Table 4 Classification of main mechanisms in electroacupuncture for hypoglycemic research

Specific mechanism	Supporting evidence	Relevant acupoints	Experimental subjects	Ref.
HPA axis regulation	Reduces adrenal corticosteroids (such as cortisol), improves endocrine disorders	Yishu (EX-B3)	T2DM rats	[3]
Anti-inflammatory pathway	Inhibits NLRP3 inflammasome activation, reduces IL-1β, improves chronic inflammation	Non-specific	STZ-induced diabetic rats, HFD high-fat diet mice, db/db genetically diabetic mice, OLETF obese diabetic rats	[12]
Neurobiological mechanism	Enhances parasympathetic nerve (e.g., vagus nerve) activity, improves local circulation and glucose consumption	Zhongwan (CV12), Tianshu (ST25), etc.	OLETF rats	[38]
Gut microbiota and inflammation control	Increases SCFAs, reduces circulating LPS levels, lowers systemic inflammation	Zhongwan (CV12), Tianshu (ST25), Zusanli (ST36)	T2DM model	[26]

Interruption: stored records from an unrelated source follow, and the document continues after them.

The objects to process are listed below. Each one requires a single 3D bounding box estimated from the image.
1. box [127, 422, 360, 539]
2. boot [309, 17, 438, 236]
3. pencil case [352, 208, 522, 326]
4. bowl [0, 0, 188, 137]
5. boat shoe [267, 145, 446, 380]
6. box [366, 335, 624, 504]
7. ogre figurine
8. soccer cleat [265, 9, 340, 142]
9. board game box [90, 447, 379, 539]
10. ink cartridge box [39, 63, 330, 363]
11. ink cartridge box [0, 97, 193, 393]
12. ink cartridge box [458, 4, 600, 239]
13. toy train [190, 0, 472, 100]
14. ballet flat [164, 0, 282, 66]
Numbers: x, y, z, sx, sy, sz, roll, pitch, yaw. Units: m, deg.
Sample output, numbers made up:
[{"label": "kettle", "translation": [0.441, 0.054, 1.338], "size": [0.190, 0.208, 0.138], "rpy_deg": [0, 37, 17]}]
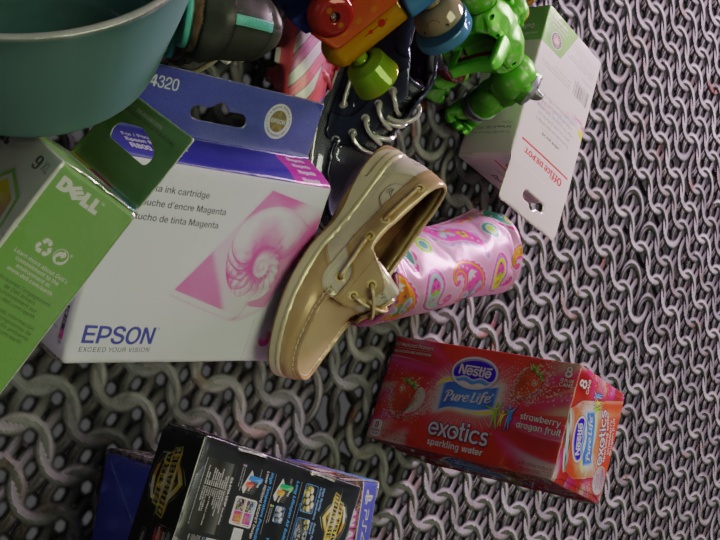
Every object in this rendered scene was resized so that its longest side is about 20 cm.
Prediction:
[{"label": "box", "translation": [-0.088, 0.217, 0.708], "size": [0.158, 0.046, 0.203], "rpy_deg": [28, 73, -46]}, {"label": "boot", "translation": [0.007, -0.125, 0.888], "size": [0.072, 0.090, 0.203], "rpy_deg": [14, 84, -47]}, {"label": "pencil case", "translation": [0.060, -0.007, 0.967], "size": [0.199, 0.087, 0.089], "rpy_deg": [-10, 102, -46]}, {"label": "bowl", "translation": [-0.182, -0.150, 0.589], "size": [0.201, 0.200, 0.106], "rpy_deg": [-44, 160, -35]}, {"label": "boat shoe", "translation": [0.000, 0.000, 0.831], "size": [0.202, 0.069, 0.074], "rpy_deg": [-61, 157, -9]}, {"label": "box", "translation": [0.116, 0.128, 0.955], "size": [0.095, 0.198, 0.101], "rpy_deg": [32, 71, -46]}, {"label": "ogre figurine", "translation": [0.089, -0.201, 0.950], "size": [0.098, 0.119, 0.202], "rpy_deg": [-37, 121, -39]}, {"label": "soccer cleat", "translation": [-0.028, -0.194, 0.847], "size": [0.075, 0.067, 0.203], "rpy_deg": [7, 83, -11]}, {"label": "board game box", "translation": [-0.095, 0.223, 0.807], "size": [0.199, 0.096, 0.162], "rpy_deg": [15, 83, -48]}, {"label": "ink cartridge box", "translation": [-0.111, -0.032, 0.764], "size": [0.195, 0.043, 0.202], "rpy_deg": [3, 110, -47]}, {"label": "ink cartridge box", "translation": [-0.195, -0.027, 0.620], "size": [0.201, 0.104, 0.059], "rpy_deg": [-53, 132, -2]}, {"label": "ink cartridge box", "translation": [0.165, -0.143, 1.079], "size": [0.117, 0.067, 0.203], "rpy_deg": [32, 70, -45]}, {"label": "toy train", "translation": [-0.016, -0.168, 0.791], "size": [0.199, 0.085, 0.116], "rpy_deg": [-38, 131, 3]}, {"label": "ballet flat", "translation": [-0.096, -0.160, 0.694], "size": [0.067, 0.200, 0.069], "rpy_deg": [5, 108, -21]}]
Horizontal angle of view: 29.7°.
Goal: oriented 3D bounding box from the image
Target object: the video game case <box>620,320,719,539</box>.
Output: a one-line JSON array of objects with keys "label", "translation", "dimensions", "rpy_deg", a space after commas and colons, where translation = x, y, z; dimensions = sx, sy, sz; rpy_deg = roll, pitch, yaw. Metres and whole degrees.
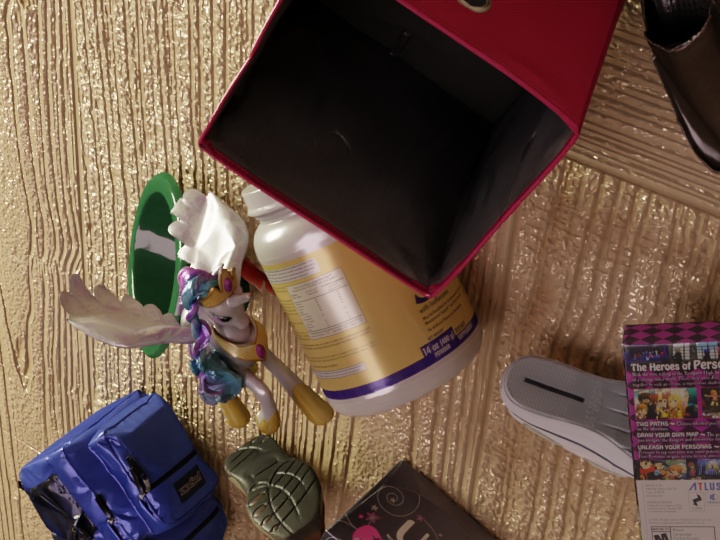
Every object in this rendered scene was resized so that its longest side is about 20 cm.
[{"label": "video game case", "translation": [0.292, 0.121, 0.967], "dimensions": [0.197, 0.036, 0.184], "rpy_deg": [-4, 115, 16]}]

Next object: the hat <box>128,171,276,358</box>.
[{"label": "hat", "translation": [-0.116, 0.010, 1.304], "dimensions": [0.166, 0.174, 0.202], "rpy_deg": [-56, 39, 46]}]

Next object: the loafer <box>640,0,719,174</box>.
[{"label": "loafer", "translation": [0.216, -0.147, 0.891], "dimensions": [0.072, 0.071, 0.202], "rpy_deg": [-13, 106, 43]}]

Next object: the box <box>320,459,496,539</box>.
[{"label": "box", "translation": [0.060, 0.299, 1.247], "dimensions": [0.199, 0.132, 0.116], "rpy_deg": [38, 132, 16]}]

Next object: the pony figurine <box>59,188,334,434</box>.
[{"label": "pony figurine", "translation": [-0.124, 0.042, 1.120], "dimensions": [0.192, 0.167, 0.201], "rpy_deg": [26, 152, 40]}]

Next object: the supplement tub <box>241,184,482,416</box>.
[{"label": "supplement tub", "translation": [0.000, 0.000, 1.109], "dimensions": [0.144, 0.145, 0.202], "rpy_deg": [-15, 106, 44]}]

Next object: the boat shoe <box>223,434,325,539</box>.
[{"label": "boat shoe", "translation": [-0.073, 0.227, 1.324], "dimensions": [0.075, 0.075, 0.200], "rpy_deg": [64, 171, -22]}]

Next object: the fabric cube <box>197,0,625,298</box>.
[{"label": "fabric cube", "translation": [0.042, -0.148, 0.905], "dimensions": [0.195, 0.201, 0.200], "rpy_deg": [33, 138, -7]}]

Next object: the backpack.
[{"label": "backpack", "translation": [-0.238, 0.249, 1.447], "dimensions": [0.167, 0.162, 0.202], "rpy_deg": [-26, 97, 42]}]

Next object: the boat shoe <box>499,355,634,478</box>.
[{"label": "boat shoe", "translation": [0.206, 0.123, 1.077], "dimensions": [0.198, 0.074, 0.067], "rpy_deg": [26, 162, 17]}]
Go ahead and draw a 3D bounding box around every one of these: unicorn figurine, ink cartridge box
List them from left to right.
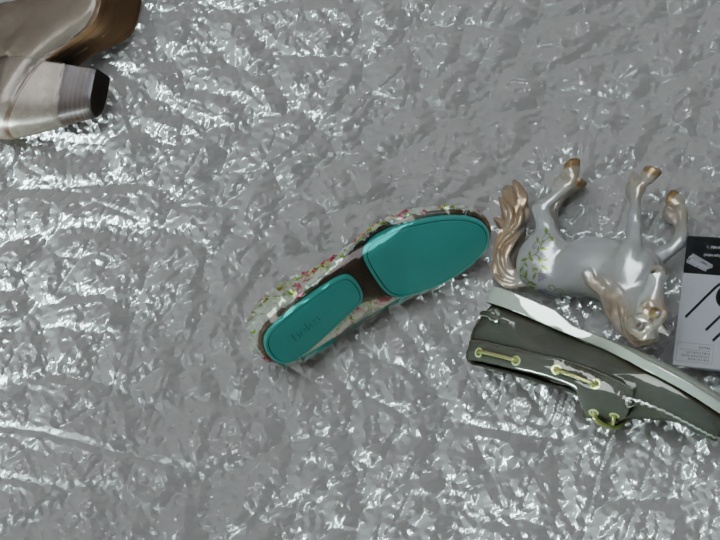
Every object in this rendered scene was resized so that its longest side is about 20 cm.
[{"bbox_3d":[0.177,-0.010,1.568,0.200,0.074,0.138,-3,59,47],"label":"unicorn figurine"},{"bbox_3d":[0.312,0.029,1.483,0.200,0.044,0.094,5,86,37],"label":"ink cartridge box"}]

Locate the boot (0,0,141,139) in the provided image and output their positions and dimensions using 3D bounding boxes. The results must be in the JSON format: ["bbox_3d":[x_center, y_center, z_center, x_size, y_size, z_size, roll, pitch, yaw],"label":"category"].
[{"bbox_3d":[-0.264,-0.201,1.792,0.146,0.070,0.200,6,68,21],"label":"boot"}]

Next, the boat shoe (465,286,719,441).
[{"bbox_3d":[0.169,0.077,1.538,0.201,0.072,0.060,26,89,23],"label":"boat shoe"}]

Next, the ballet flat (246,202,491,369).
[{"bbox_3d":[0.000,0.000,1.626,0.200,0.076,0.064,-28,28,-3],"label":"ballet flat"}]
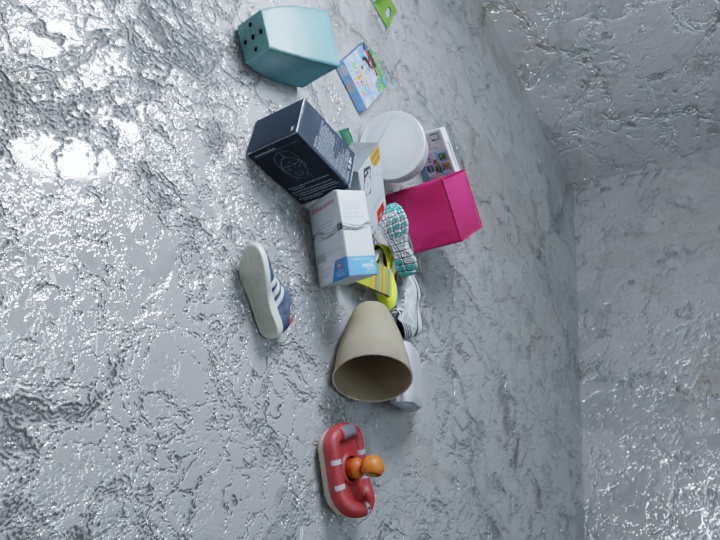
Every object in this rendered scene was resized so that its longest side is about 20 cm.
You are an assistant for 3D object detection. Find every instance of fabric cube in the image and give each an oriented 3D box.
[{"bbox_3d":[0.227,-0.178,1.861,0.200,0.198,0.198,-28,101,-57],"label":"fabric cube"}]

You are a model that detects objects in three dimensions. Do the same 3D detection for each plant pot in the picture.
[{"bbox_3d":[0.028,0.177,1.462,0.187,0.186,0.201,48,29,-37],"label":"plant pot"},{"bbox_3d":[-0.177,-0.533,1.433,0.199,0.141,0.142,-10,87,-50],"label":"plant pot"}]

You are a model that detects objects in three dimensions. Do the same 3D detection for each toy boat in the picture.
[{"bbox_3d":[-0.006,0.434,1.333,0.130,0.130,0.202,0,79,-56],"label":"toy boat"}]

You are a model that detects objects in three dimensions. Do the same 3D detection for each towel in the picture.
[{"bbox_3d":[0.000,0.000,1.561,0.199,0.018,0.087,24,52,-29],"label":"towel"}]

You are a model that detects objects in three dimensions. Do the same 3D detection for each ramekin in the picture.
[{"bbox_3d":[0.102,-0.344,1.744,0.094,0.201,0.204,18,63,-66],"label":"ramekin"}]

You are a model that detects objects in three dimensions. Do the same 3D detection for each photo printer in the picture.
[{"bbox_3d":[0.115,0.273,1.581,0.200,0.069,0.168,53,33,-67],"label":"photo printer"}]

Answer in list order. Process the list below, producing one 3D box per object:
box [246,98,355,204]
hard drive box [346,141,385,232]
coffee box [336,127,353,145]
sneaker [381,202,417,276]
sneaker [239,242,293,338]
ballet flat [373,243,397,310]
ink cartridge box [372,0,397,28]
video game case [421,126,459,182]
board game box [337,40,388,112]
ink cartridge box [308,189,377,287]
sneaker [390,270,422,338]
[{"bbox_3d":[-0.131,-0.264,1.388,0.200,0.148,0.108,42,45,-42],"label":"box"},{"bbox_3d":[0.000,-0.205,1.573,0.156,0.076,0.201,-61,150,-46],"label":"hard drive box"},{"bbox_3d":[-0.072,-0.293,1.586,0.200,0.044,0.124,-35,109,-56],"label":"coffee box"},{"bbox_3d":[0.103,-0.085,1.669,0.091,0.077,0.202,-68,146,-81],"label":"sneaker"},{"bbox_3d":[-0.188,0.034,1.262,0.084,0.075,0.202,-30,113,-55],"label":"sneaker"},{"bbox_3d":[0.057,0.013,1.656,0.067,0.067,0.201,30,47,-40],"label":"ballet flat"},{"bbox_3d":[0.086,-0.943,2.042,0.200,0.075,0.148,51,40,-32],"label":"ink cartridge box"},{"bbox_3d":[0.242,-0.361,1.975,0.024,0.200,0.183,-28,104,-21],"label":"video game case"},{"bbox_3d":[0.007,-0.582,1.823,0.152,0.036,0.200,60,36,-24],"label":"board game box"},{"bbox_3d":[-0.044,-0.073,1.436,0.083,0.145,0.202,-4,81,-32],"label":"ink cartridge box"},{"bbox_3d":[0.117,0.094,1.701,0.115,0.075,0.202,-8,88,-59],"label":"sneaker"}]
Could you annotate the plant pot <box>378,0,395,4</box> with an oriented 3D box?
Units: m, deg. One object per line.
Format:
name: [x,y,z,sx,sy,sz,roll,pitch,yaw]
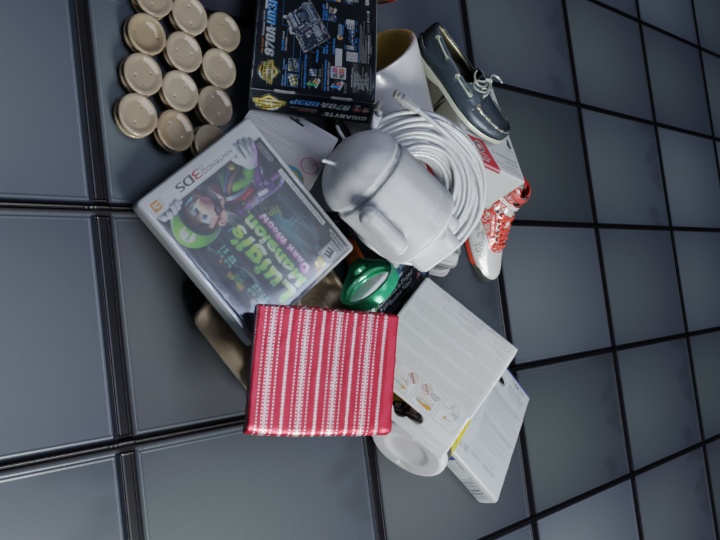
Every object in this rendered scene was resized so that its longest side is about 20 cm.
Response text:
plant pot: [0.010,-0.485,1.326,0.200,0.199,0.184,28,70,-43]

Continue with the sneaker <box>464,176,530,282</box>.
sneaker: [0.225,-0.087,1.553,0.067,0.107,0.204,-7,87,-50]

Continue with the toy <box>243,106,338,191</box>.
toy: [-0.122,-0.111,1.175,0.114,0.047,0.201,31,58,-7]

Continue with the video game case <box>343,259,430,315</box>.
video game case: [0.047,0.072,1.326,0.200,0.023,0.183,-44,135,-45]

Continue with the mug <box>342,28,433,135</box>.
mug: [0.046,-0.245,1.349,0.187,0.149,0.154,-46,125,-29]

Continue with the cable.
cable: [0.068,-0.111,1.263,0.199,0.069,0.201,26,90,-16]

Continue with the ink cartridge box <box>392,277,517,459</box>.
ink cartridge box: [0.093,0.131,1.255,0.162,0.050,0.200,38,62,5]

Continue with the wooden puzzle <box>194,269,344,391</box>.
wooden puzzle: [-0.104,0.055,1.178,0.186,0.046,0.201,56,49,-25]

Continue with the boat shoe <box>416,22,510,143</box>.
boat shoe: [0.157,-0.273,1.390,0.200,0.062,0.075,49,35,-9]

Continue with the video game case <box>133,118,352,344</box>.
video game case: [-0.129,-0.048,1.094,0.182,0.023,0.200,-43,98,-30]

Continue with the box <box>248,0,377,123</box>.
box: [-0.059,-0.291,1.219,0.157,0.046,0.202,5,64,-9]

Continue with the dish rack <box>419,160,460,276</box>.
dish rack: [0.099,-0.099,1.455,0.171,0.043,0.202,11,72,-48]

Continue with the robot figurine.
robot figurine: [0.033,-0.088,1.148,0.200,0.113,0.170,41,28,-21]

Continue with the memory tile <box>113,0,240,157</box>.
memory tile: [-0.213,-0.232,1.119,0.152,0.017,0.202,18,69,-40]

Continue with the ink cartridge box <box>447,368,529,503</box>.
ink cartridge box: [0.176,0.219,1.474,0.197,0.043,0.201,50,46,-28]

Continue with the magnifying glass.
magnifying glass: [0.000,0.000,1.226,0.022,0.079,0.200,52,4,-21]

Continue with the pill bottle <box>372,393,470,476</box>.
pill bottle: [0.108,0.173,1.325,0.115,0.114,0.201,55,50,-26]

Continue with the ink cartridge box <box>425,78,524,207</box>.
ink cartridge box: [0.157,-0.216,1.473,0.144,0.083,0.202,15,51,-45]

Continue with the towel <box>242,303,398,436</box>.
towel: [-0.040,0.115,1.086,0.198,0.022,0.146,7,86,-34]
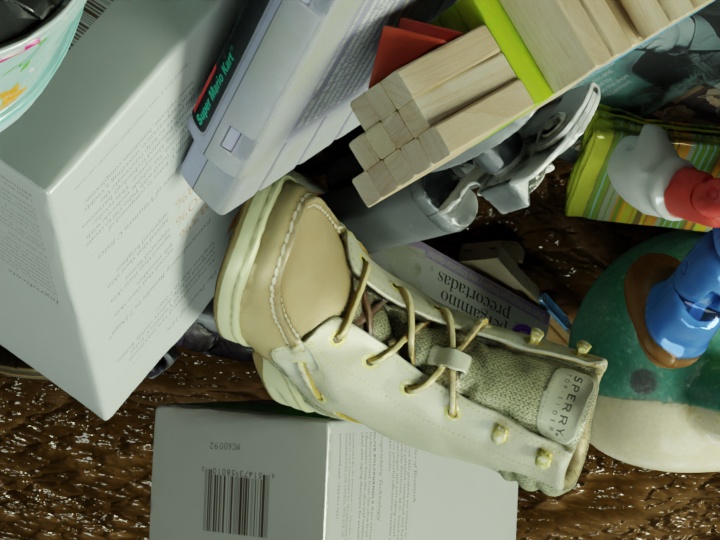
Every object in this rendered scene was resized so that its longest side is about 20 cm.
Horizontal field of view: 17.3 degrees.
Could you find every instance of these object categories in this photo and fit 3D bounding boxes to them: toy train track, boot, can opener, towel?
[{"bbox_3d":[0.111,0.033,1.191,0.114,0.033,0.200,-5,147,35],"label":"toy train track"},{"bbox_3d":[0.025,0.031,0.995,0.154,0.072,0.200,20,163,16],"label":"boot"},{"bbox_3d":[0.025,-0.051,0.982,0.067,0.053,0.200,44,154,-18],"label":"can opener"},{"bbox_3d":[0.189,-0.036,1.007,0.199,0.018,0.086,6,157,-3],"label":"towel"}]

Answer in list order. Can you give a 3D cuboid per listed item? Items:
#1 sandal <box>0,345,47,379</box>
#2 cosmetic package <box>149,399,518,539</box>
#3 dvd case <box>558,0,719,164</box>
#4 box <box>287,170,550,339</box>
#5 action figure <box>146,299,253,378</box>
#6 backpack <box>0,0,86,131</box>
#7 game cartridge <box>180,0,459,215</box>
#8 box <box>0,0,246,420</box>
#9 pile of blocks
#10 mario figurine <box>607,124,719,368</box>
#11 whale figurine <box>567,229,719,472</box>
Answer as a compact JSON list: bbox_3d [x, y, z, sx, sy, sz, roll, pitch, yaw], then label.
[{"bbox_3d":[-0.164,0.019,1.100,0.054,0.082,0.199,34,156,-35],"label":"sandal"},{"bbox_3d":[-0.009,0.110,1.203,0.107,0.085,0.200,3,-179,30],"label":"cosmetic package"},{"bbox_3d":[0.128,-0.079,0.969,0.199,0.022,0.146,20,150,-29],"label":"dvd case"},{"bbox_3d":[0.000,0.000,1.103,0.199,0.039,0.041,29,148,-27],"label":"box"},{"bbox_3d":[-0.075,0.024,1.168,0.199,0.070,0.130,11,160,-4],"label":"action figure"},{"bbox_3d":[-0.176,-0.126,0.755,0.199,0.178,0.151,12,154,-9],"label":"backpack"},{"bbox_3d":[0.009,-0.104,0.832,0.129,0.038,0.200,-31,166,-31],"label":"game cartridge"},{"bbox_3d":[-0.107,-0.050,0.923,0.097,0.125,0.200,33,158,16],"label":"box"},{"bbox_3d":[0.073,-0.100,0.846,0.199,0.062,0.082,-31,180,-12],"label":"pile of blocks"},{"bbox_3d":[0.179,-0.040,0.936,0.123,0.106,0.200,-20,157,-30],"label":"mario figurine"},{"bbox_3d":[0.191,0.033,1.071,0.199,0.104,0.159,0,-172,26],"label":"whale figurine"}]
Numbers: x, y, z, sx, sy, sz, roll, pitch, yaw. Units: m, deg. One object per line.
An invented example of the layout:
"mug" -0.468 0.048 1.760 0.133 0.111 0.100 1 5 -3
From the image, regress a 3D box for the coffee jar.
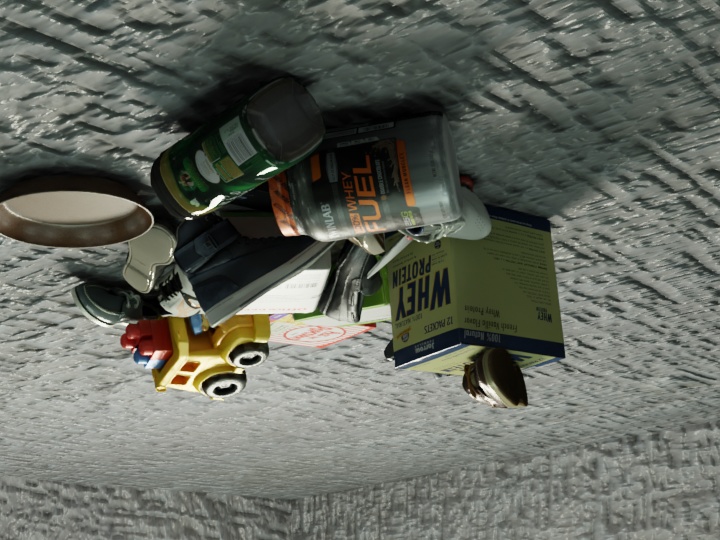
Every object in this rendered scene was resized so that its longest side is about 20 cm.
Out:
"coffee jar" -0.133 -0.123 1.318 0.200 0.086 0.104 -23 -167 48

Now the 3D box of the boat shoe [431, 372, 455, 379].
"boat shoe" 0.107 0.065 1.813 0.093 0.201 0.075 -25 -177 29

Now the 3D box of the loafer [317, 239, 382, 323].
"loafer" 0.000 0.000 1.722 0.070 0.068 0.201 24 137 0

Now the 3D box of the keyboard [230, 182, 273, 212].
"keyboard" -0.137 -0.103 1.519 0.199 0.021 0.127 10 164 -41

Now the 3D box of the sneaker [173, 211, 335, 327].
"sneaker" -0.137 -0.043 1.574 0.202 0.147 0.077 -31 176 -13

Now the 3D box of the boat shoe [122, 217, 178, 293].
"boat shoe" -0.272 -0.033 1.673 0.067 0.057 0.200 36 150 -4

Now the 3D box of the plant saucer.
"plant saucer" -0.353 -0.074 1.540 0.199 0.035 0.200 -3 163 -1

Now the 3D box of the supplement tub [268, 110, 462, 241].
"supplement tub" 0.006 -0.100 1.381 0.199 0.123 0.123 -10 162 10

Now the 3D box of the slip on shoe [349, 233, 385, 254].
"slip on shoe" -0.024 -0.072 1.545 0.060 0.076 0.200 -15 158 16

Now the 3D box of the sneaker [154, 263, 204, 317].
"sneaker" -0.240 0.026 1.724 0.080 0.074 0.200 -11 163 -13

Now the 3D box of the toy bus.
"toy bus" -0.250 0.095 1.878 0.191 0.136 0.200 7 143 -31

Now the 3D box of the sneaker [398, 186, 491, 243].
"sneaker" 0.080 -0.065 1.524 0.199 0.087 0.075 14 128 -33

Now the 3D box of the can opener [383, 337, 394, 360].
"can opener" 0.107 0.059 1.875 0.200 0.079 0.063 -44 169 -1

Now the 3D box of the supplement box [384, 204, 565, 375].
"supplement box" 0.153 0.029 1.699 0.199 0.201 0.134 10 158 -37

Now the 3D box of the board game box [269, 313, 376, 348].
"board game box" -0.097 0.078 2.052 0.199 0.047 0.151 10 158 -37

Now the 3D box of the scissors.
"scissors" 0.077 -0.051 1.614 0.073 0.014 0.200 8 134 -25

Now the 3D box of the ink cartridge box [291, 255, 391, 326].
"ink cartridge box" -0.003 0.036 1.902 0.147 0.076 0.200 -10 171 18

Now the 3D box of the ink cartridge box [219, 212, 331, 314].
"ink cartridge box" -0.123 -0.008 1.714 0.145 0.084 0.200 0 162 -9

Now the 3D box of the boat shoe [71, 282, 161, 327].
"boat shoe" -0.352 0.047 1.890 0.062 0.073 0.200 -34 152 18

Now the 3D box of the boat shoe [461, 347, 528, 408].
"boat shoe" 0.166 0.147 1.631 0.072 0.072 0.200 -12 166 14

Insulin signaling pathway activation	Activates PI3K/Akt pathway, enhances GLUT2 and GCK mRNA expression, reduces fasting insulin levels	Zusanli (ST36), Shenshu (BL23)	T2DM rats	[3]
ta-VNS	Stimulates auricular vagus nerve via projections from the vagus nerve (ABVN) to the NTS, affects the concentration changes of the neurotransmitters noradrenaline, GABA and ACh in the central nervous system	Non-specific	Humans, SD rats	[39,40]

LPS: Lipopolysaccharide; ACh: Acetylcholine; GABA: Γ-aminobutyric acid; NTS: Nucleus tractus solitaries; ta-VNS: Transcutaneous auricular vagus nerve stimulation; HPA: Hypothalamic-pituitary-adrenal; SCFA: Short-chain fatty acid; HFD: High-fat diet; STZ: Streptozotocin; IL: Interleukin; GLUT2: Glucose transporter 2; GCK: Glucokinase; NTS: Nucleus tractus solitaries; SD rats: Sprague-Dawley rats.